The sql extension is already loaded. To reload it, use:
  %reload_ext sql


In [4]:
#connecting to the database
%sql mysql+mysqldb://root:YourPassword@localhost/Walmart

### Creating an sql table to load the data

In [4]:
%%sql
DROP TABLE IF EXISTS Walmart;

 * mysql+mysqldb://root:***@localhost/Walmart
0 rows affected.


[]

In [5]:
%%sql
CREATE TABLE Walmart (
    InvoiceID VARCHAR (20) NOT NULL PRIMARY KEY,
    Branch VARCHAR (2) NOT NULL,
    City VARCHAR (30) NOT NULL,
    Customer_type VARCHAR (20) NOT NULL,
    Gender VARCHAR (10) NOT NULL,
    Product_line VARCHAR (30) NOT NULL,
    Unit_price DECIMAL (7,2) NOT NULL,
    Quantity INT,
    Tax_5_Percent DECIMAL (6,4) NOT NULL,
    Total DECIMAL (15,4) NOT NULL,
    Date DATE NOT NULL,
    Time TIME NOT NULL,
    Payment VARCHAR (15) NOT NULL,
    cogs DECIMAL (10,2) NOT NULL,
    gross_margin_percentage DECIMAL (20,10),
    gross_income DECIMAL (12,4),
    Rating DECIMAL (5,2));

 * mysql+mysqldb://root:***@localhost/Walmart
0 rows affected.


[]

### Importing the data into the table

In [6]:
#Removing the strict sql mode for the session before importing the data to enable mysql to import black spaces in decimal data
%sql SET SESSION sql_mode = ''

 * mysql+mysqldb://root:***@localhost/Walmart
0 rows affected.


[]

Loading the data into the table

In [7]:
%%sql
LOAD DATA INFILE 'D:/Data Science/MySQL/Walmart Project/WalmartSalesData.csv'
INTO TABLE Walmart
FIELDS TERMINATED BY ',' ENCLOSED BY '"'
LINES TERMINATED BY '\n'
IGNORE 1 LINES;

 * mysql+mysqldb://root:***@localhost/Walmart
1000 rows affected.


[]

Our dataset has 1,000 rows

## Data Cleaning
The data was cleaned by ensuring that there was no missing values.

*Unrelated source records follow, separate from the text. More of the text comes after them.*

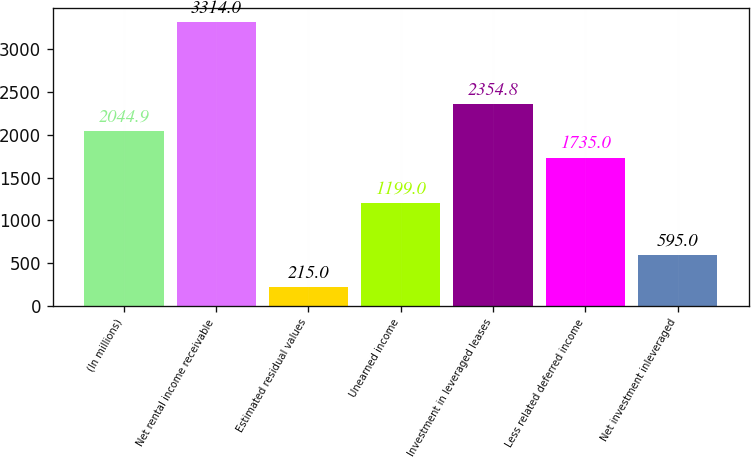<chart> <loc_0><loc_0><loc_500><loc_500><bar_chart><fcel>(In millions)<fcel>Net rental income receivable<fcel>Estimated residual values<fcel>Unearned income<fcel>Investment in leveraged leases<fcel>Less related deferred income<fcel>Net investment inleveraged<nl><fcel>2044.9<fcel>3314<fcel>215<fcel>1199<fcel>2354.8<fcel>1735<fcel>595<nl></chart> 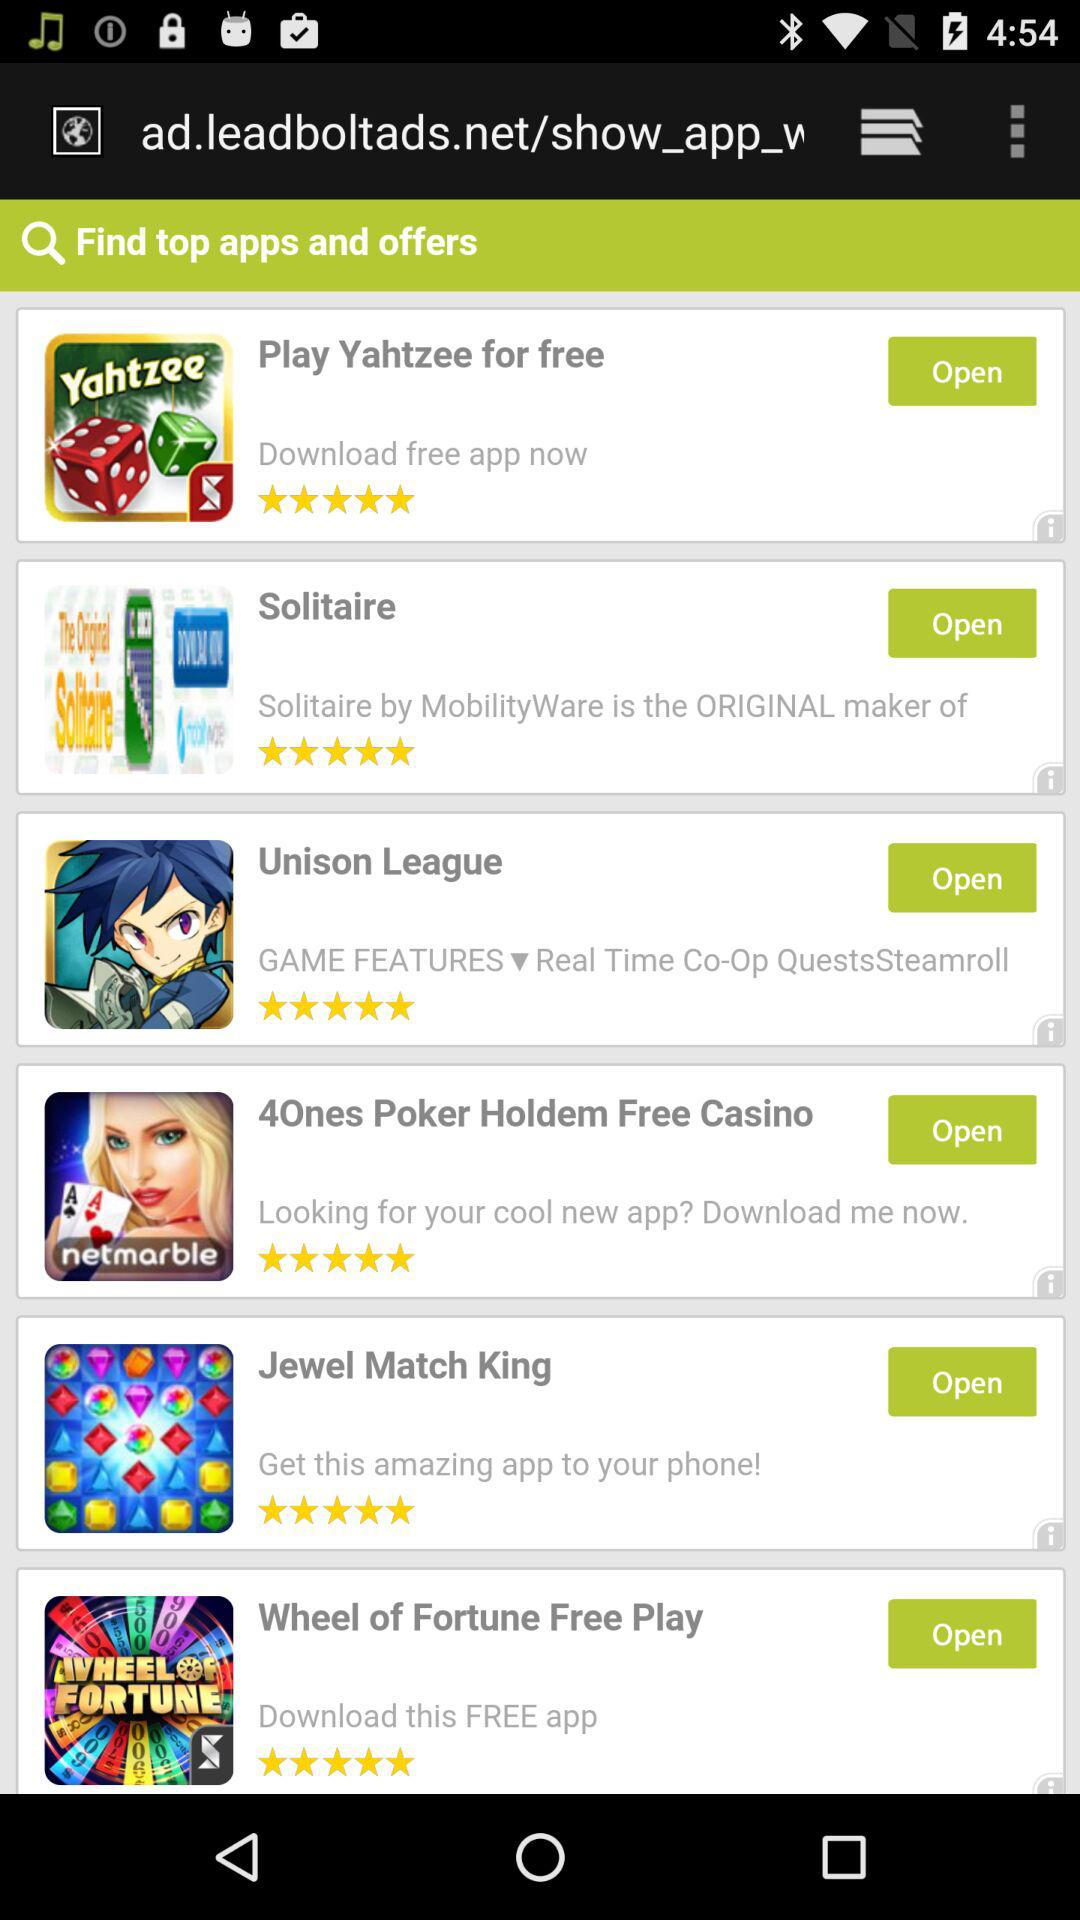How many stars are given to "Jewel Match King"? There are 5 stars. 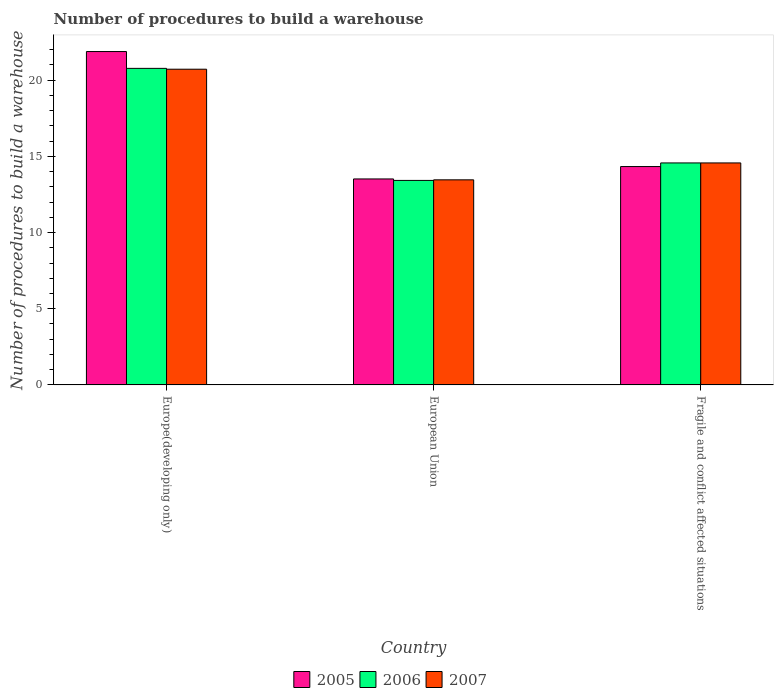How many different coloured bars are there?
Offer a terse response. 3. Are the number of bars per tick equal to the number of legend labels?
Offer a terse response. Yes. How many bars are there on the 2nd tick from the left?
Your answer should be very brief. 3. How many bars are there on the 2nd tick from the right?
Give a very brief answer. 3. What is the label of the 2nd group of bars from the left?
Provide a short and direct response. European Union. In how many cases, is the number of bars for a given country not equal to the number of legend labels?
Ensure brevity in your answer.  0. What is the number of procedures to build a warehouse in in 2005 in Europe(developing only)?
Give a very brief answer. 21.88. Across all countries, what is the maximum number of procedures to build a warehouse in in 2006?
Provide a short and direct response. 20.78. Across all countries, what is the minimum number of procedures to build a warehouse in in 2006?
Ensure brevity in your answer.  13.42. In which country was the number of procedures to build a warehouse in in 2006 maximum?
Your answer should be compact. Europe(developing only). In which country was the number of procedures to build a warehouse in in 2007 minimum?
Give a very brief answer. European Union. What is the total number of procedures to build a warehouse in in 2005 in the graph?
Give a very brief answer. 49.74. What is the difference between the number of procedures to build a warehouse in in 2007 in European Union and that in Fragile and conflict affected situations?
Provide a short and direct response. -1.11. What is the difference between the number of procedures to build a warehouse in in 2007 in Fragile and conflict affected situations and the number of procedures to build a warehouse in in 2005 in European Union?
Offer a terse response. 1.05. What is the average number of procedures to build a warehouse in in 2005 per country?
Provide a short and direct response. 16.58. What is the difference between the number of procedures to build a warehouse in of/in 2005 and number of procedures to build a warehouse in of/in 2006 in Fragile and conflict affected situations?
Make the answer very short. -0.24. What is the ratio of the number of procedures to build a warehouse in in 2005 in Europe(developing only) to that in European Union?
Offer a terse response. 1.62. Is the number of procedures to build a warehouse in in 2005 in European Union less than that in Fragile and conflict affected situations?
Your response must be concise. Yes. Is the difference between the number of procedures to build a warehouse in in 2005 in European Union and Fragile and conflict affected situations greater than the difference between the number of procedures to build a warehouse in in 2006 in European Union and Fragile and conflict affected situations?
Your answer should be compact. Yes. What is the difference between the highest and the second highest number of procedures to build a warehouse in in 2007?
Offer a very short reply. 7.26. What is the difference between the highest and the lowest number of procedures to build a warehouse in in 2006?
Keep it short and to the point. 7.35. Is the sum of the number of procedures to build a warehouse in in 2005 in Europe(developing only) and European Union greater than the maximum number of procedures to build a warehouse in in 2006 across all countries?
Ensure brevity in your answer.  Yes. What does the 1st bar from the right in Europe(developing only) represents?
Give a very brief answer. 2007. How many bars are there?
Your answer should be very brief. 9. Are all the bars in the graph horizontal?
Keep it short and to the point. No. What is the difference between two consecutive major ticks on the Y-axis?
Offer a very short reply. 5. Does the graph contain grids?
Provide a short and direct response. No. Where does the legend appear in the graph?
Offer a very short reply. Bottom center. How are the legend labels stacked?
Offer a terse response. Horizontal. What is the title of the graph?
Give a very brief answer. Number of procedures to build a warehouse. What is the label or title of the Y-axis?
Ensure brevity in your answer.  Number of procedures to build a warehouse. What is the Number of procedures to build a warehouse in 2005 in Europe(developing only)?
Ensure brevity in your answer.  21.88. What is the Number of procedures to build a warehouse in 2006 in Europe(developing only)?
Give a very brief answer. 20.78. What is the Number of procedures to build a warehouse of 2007 in Europe(developing only)?
Make the answer very short. 20.72. What is the Number of procedures to build a warehouse of 2005 in European Union?
Keep it short and to the point. 13.52. What is the Number of procedures to build a warehouse of 2006 in European Union?
Provide a short and direct response. 13.42. What is the Number of procedures to build a warehouse of 2007 in European Union?
Provide a succinct answer. 13.46. What is the Number of procedures to build a warehouse of 2005 in Fragile and conflict affected situations?
Ensure brevity in your answer.  14.33. What is the Number of procedures to build a warehouse in 2006 in Fragile and conflict affected situations?
Provide a succinct answer. 14.57. What is the Number of procedures to build a warehouse of 2007 in Fragile and conflict affected situations?
Make the answer very short. 14.57. Across all countries, what is the maximum Number of procedures to build a warehouse of 2005?
Keep it short and to the point. 21.88. Across all countries, what is the maximum Number of procedures to build a warehouse of 2006?
Keep it short and to the point. 20.78. Across all countries, what is the maximum Number of procedures to build a warehouse in 2007?
Provide a succinct answer. 20.72. Across all countries, what is the minimum Number of procedures to build a warehouse in 2005?
Keep it short and to the point. 13.52. Across all countries, what is the minimum Number of procedures to build a warehouse in 2006?
Provide a short and direct response. 13.42. Across all countries, what is the minimum Number of procedures to build a warehouse of 2007?
Ensure brevity in your answer.  13.46. What is the total Number of procedures to build a warehouse in 2005 in the graph?
Ensure brevity in your answer.  49.74. What is the total Number of procedures to build a warehouse of 2006 in the graph?
Your response must be concise. 48.77. What is the total Number of procedures to build a warehouse of 2007 in the graph?
Keep it short and to the point. 48.76. What is the difference between the Number of procedures to build a warehouse in 2005 in Europe(developing only) and that in European Union?
Offer a very short reply. 8.36. What is the difference between the Number of procedures to build a warehouse of 2006 in Europe(developing only) and that in European Union?
Your answer should be compact. 7.35. What is the difference between the Number of procedures to build a warehouse of 2007 in Europe(developing only) and that in European Union?
Offer a terse response. 7.26. What is the difference between the Number of procedures to build a warehouse in 2005 in Europe(developing only) and that in Fragile and conflict affected situations?
Provide a succinct answer. 7.55. What is the difference between the Number of procedures to build a warehouse of 2006 in Europe(developing only) and that in Fragile and conflict affected situations?
Keep it short and to the point. 6.21. What is the difference between the Number of procedures to build a warehouse of 2007 in Europe(developing only) and that in Fragile and conflict affected situations?
Offer a terse response. 6.15. What is the difference between the Number of procedures to build a warehouse in 2005 in European Union and that in Fragile and conflict affected situations?
Ensure brevity in your answer.  -0.81. What is the difference between the Number of procedures to build a warehouse of 2006 in European Union and that in Fragile and conflict affected situations?
Keep it short and to the point. -1.15. What is the difference between the Number of procedures to build a warehouse in 2007 in European Union and that in Fragile and conflict affected situations?
Provide a succinct answer. -1.11. What is the difference between the Number of procedures to build a warehouse of 2005 in Europe(developing only) and the Number of procedures to build a warehouse of 2006 in European Union?
Your answer should be very brief. 8.46. What is the difference between the Number of procedures to build a warehouse of 2005 in Europe(developing only) and the Number of procedures to build a warehouse of 2007 in European Union?
Offer a very short reply. 8.42. What is the difference between the Number of procedures to build a warehouse in 2006 in Europe(developing only) and the Number of procedures to build a warehouse in 2007 in European Union?
Your answer should be compact. 7.32. What is the difference between the Number of procedures to build a warehouse in 2005 in Europe(developing only) and the Number of procedures to build a warehouse in 2006 in Fragile and conflict affected situations?
Your answer should be very brief. 7.31. What is the difference between the Number of procedures to build a warehouse in 2005 in Europe(developing only) and the Number of procedures to build a warehouse in 2007 in Fragile and conflict affected situations?
Make the answer very short. 7.31. What is the difference between the Number of procedures to build a warehouse of 2006 in Europe(developing only) and the Number of procedures to build a warehouse of 2007 in Fragile and conflict affected situations?
Make the answer very short. 6.21. What is the difference between the Number of procedures to build a warehouse in 2005 in European Union and the Number of procedures to build a warehouse in 2006 in Fragile and conflict affected situations?
Keep it short and to the point. -1.05. What is the difference between the Number of procedures to build a warehouse in 2005 in European Union and the Number of procedures to build a warehouse in 2007 in Fragile and conflict affected situations?
Ensure brevity in your answer.  -1.05. What is the difference between the Number of procedures to build a warehouse of 2006 in European Union and the Number of procedures to build a warehouse of 2007 in Fragile and conflict affected situations?
Make the answer very short. -1.15. What is the average Number of procedures to build a warehouse in 2005 per country?
Ensure brevity in your answer.  16.58. What is the average Number of procedures to build a warehouse in 2006 per country?
Offer a terse response. 16.26. What is the average Number of procedures to build a warehouse of 2007 per country?
Your answer should be very brief. 16.25. What is the difference between the Number of procedures to build a warehouse of 2005 and Number of procedures to build a warehouse of 2006 in Europe(developing only)?
Give a very brief answer. 1.1. What is the difference between the Number of procedures to build a warehouse in 2005 and Number of procedures to build a warehouse in 2007 in Europe(developing only)?
Give a very brief answer. 1.16. What is the difference between the Number of procedures to build a warehouse in 2006 and Number of procedures to build a warehouse in 2007 in Europe(developing only)?
Give a very brief answer. 0.06. What is the difference between the Number of procedures to build a warehouse in 2005 and Number of procedures to build a warehouse in 2006 in European Union?
Offer a very short reply. 0.1. What is the difference between the Number of procedures to build a warehouse in 2005 and Number of procedures to build a warehouse in 2007 in European Union?
Provide a succinct answer. 0.06. What is the difference between the Number of procedures to build a warehouse in 2006 and Number of procedures to build a warehouse in 2007 in European Union?
Offer a very short reply. -0.04. What is the difference between the Number of procedures to build a warehouse in 2005 and Number of procedures to build a warehouse in 2006 in Fragile and conflict affected situations?
Make the answer very short. -0.24. What is the difference between the Number of procedures to build a warehouse of 2005 and Number of procedures to build a warehouse of 2007 in Fragile and conflict affected situations?
Offer a very short reply. -0.24. What is the ratio of the Number of procedures to build a warehouse in 2005 in Europe(developing only) to that in European Union?
Provide a short and direct response. 1.62. What is the ratio of the Number of procedures to build a warehouse in 2006 in Europe(developing only) to that in European Union?
Offer a terse response. 1.55. What is the ratio of the Number of procedures to build a warehouse of 2007 in Europe(developing only) to that in European Union?
Keep it short and to the point. 1.54. What is the ratio of the Number of procedures to build a warehouse of 2005 in Europe(developing only) to that in Fragile and conflict affected situations?
Your answer should be compact. 1.53. What is the ratio of the Number of procedures to build a warehouse in 2006 in Europe(developing only) to that in Fragile and conflict affected situations?
Make the answer very short. 1.43. What is the ratio of the Number of procedures to build a warehouse in 2007 in Europe(developing only) to that in Fragile and conflict affected situations?
Make the answer very short. 1.42. What is the ratio of the Number of procedures to build a warehouse of 2005 in European Union to that in Fragile and conflict affected situations?
Offer a terse response. 0.94. What is the ratio of the Number of procedures to build a warehouse of 2006 in European Union to that in Fragile and conflict affected situations?
Ensure brevity in your answer.  0.92. What is the ratio of the Number of procedures to build a warehouse in 2007 in European Union to that in Fragile and conflict affected situations?
Make the answer very short. 0.92. What is the difference between the highest and the second highest Number of procedures to build a warehouse of 2005?
Give a very brief answer. 7.55. What is the difference between the highest and the second highest Number of procedures to build a warehouse in 2006?
Provide a short and direct response. 6.21. What is the difference between the highest and the second highest Number of procedures to build a warehouse of 2007?
Provide a succinct answer. 6.15. What is the difference between the highest and the lowest Number of procedures to build a warehouse in 2005?
Give a very brief answer. 8.36. What is the difference between the highest and the lowest Number of procedures to build a warehouse of 2006?
Your response must be concise. 7.35. What is the difference between the highest and the lowest Number of procedures to build a warehouse in 2007?
Make the answer very short. 7.26.

To do that, we first needed to see the first five rows of the dataset.

In [8]:
%%sql
SELECT * 
FROM walmart
LIMIT 5;

 * mysql+mysqldb://root:***@localhost/Walmart
5 rows affected.


InvoiceID,Branch,City,Customer_type,Gender,Product_line,Unit_price,Quantity,Tax_5_Percent,Total,Date,Time,Payment,cogs,gross_margin_percentage,gross_income,Rating
101-17-6199,A,Yangon,Normal,Male,Food and beverages,45.79,7,16.0265,336.5565,2019-03-13,19:44:00,Credit card,320.53,4.761904762,16.0265,7.0
101-81-4070,C,Naypyitaw,Member,Female,Health and beauty,62.82,2,6.282,131.922,2019-01-17,12:36:00,Ewallet,125.64,4.761904762,6.282,4.9
102-06-2002,C,Naypyitaw,Member,Male,Sports and travel,25.25,5,6.3125,132.5625,2019-03-20,17:52:00,Cash,126.25,4.761904762,6.3125,6.1
102-77-2261,C,Naypyitaw,Member,Male,Health and beauty,65.31,7,22.8585,480.0285,2019-03-05,18:02:00,Credit card,457.17,4.761904762,22.8585,4.2
105-10-6182,A,Yangon,Member,Male,Fashion accessories,21.48,2,2.148,45.108,2019-02-27,12:22:00,Ewallet,42.96,4.761904762,2.148,6.6


#### *Dealing with Missing Values*

We need to check if the data has null values. Since we already used the NOT NULL on some variables when creating the table, we are sure that those variables do not contain any missing values.

We must check for missing vales in gross_margin_percentage, gross_income, and Rating variables.


In [9]:
%%sql
SELECT * 
FROM Walmart
WHERE gross_margin_percentage = "" OR gross_income = "" OR Rating = 0;

 * mysql+mysqldb://root:***@localhost/Walmart
0 rows affected.


InvoiceID,Branch,City,Customer_type,Gender,Product_line,Unit_price,Quantity,Tax_5_Percent,Total,Date,Time,Payment,cogs,gross_margin_percentage,gross_income,Rating


The above query seeks to get any missing values from any of the three variables. The query returned 0 rows meaning that there is no row with missing values.

#### *Creating New Variables*

We need to add a Month colum by extracting month name from the Date column.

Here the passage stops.